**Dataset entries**
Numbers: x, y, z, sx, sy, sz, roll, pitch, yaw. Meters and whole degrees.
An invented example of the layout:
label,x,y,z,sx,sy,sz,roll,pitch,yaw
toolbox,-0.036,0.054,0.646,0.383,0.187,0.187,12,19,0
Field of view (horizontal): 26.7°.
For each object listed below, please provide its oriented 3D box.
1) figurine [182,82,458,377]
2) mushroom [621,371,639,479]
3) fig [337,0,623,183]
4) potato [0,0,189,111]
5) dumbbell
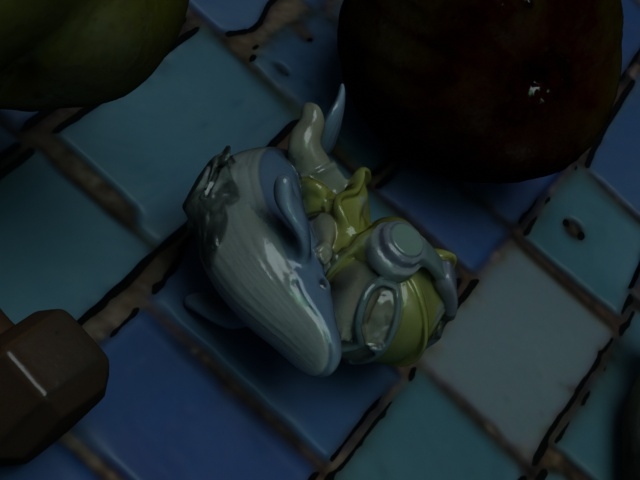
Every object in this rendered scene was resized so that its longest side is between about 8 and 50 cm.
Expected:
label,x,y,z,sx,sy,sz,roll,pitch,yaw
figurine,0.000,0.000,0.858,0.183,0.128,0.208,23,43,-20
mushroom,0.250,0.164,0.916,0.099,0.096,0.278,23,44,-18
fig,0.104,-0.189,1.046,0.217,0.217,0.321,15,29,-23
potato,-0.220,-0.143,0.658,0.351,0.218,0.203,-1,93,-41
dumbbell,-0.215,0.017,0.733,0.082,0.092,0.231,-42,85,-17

**Work instructions**
Reproduce the entries above exactly, starting at their first line and finishing with the line that contains "1) figurine [182,82,458,377]".

**Answer space**
Numbers: x, y, z, sx, sy, sz, roll, pitch, yaw. Meters and whole degrees.
An invented example of the layout:
label,x,y,z,sx,sy,sz,roll,pitch,yaw
toolbox,-0.036,0.054,0.646,0.383,0.187,0.187,12,19,0
Field of view (horizontal): 26.7°.
For each object listed below, please provide its oriented 3D box.
1) figurine [182,82,458,377]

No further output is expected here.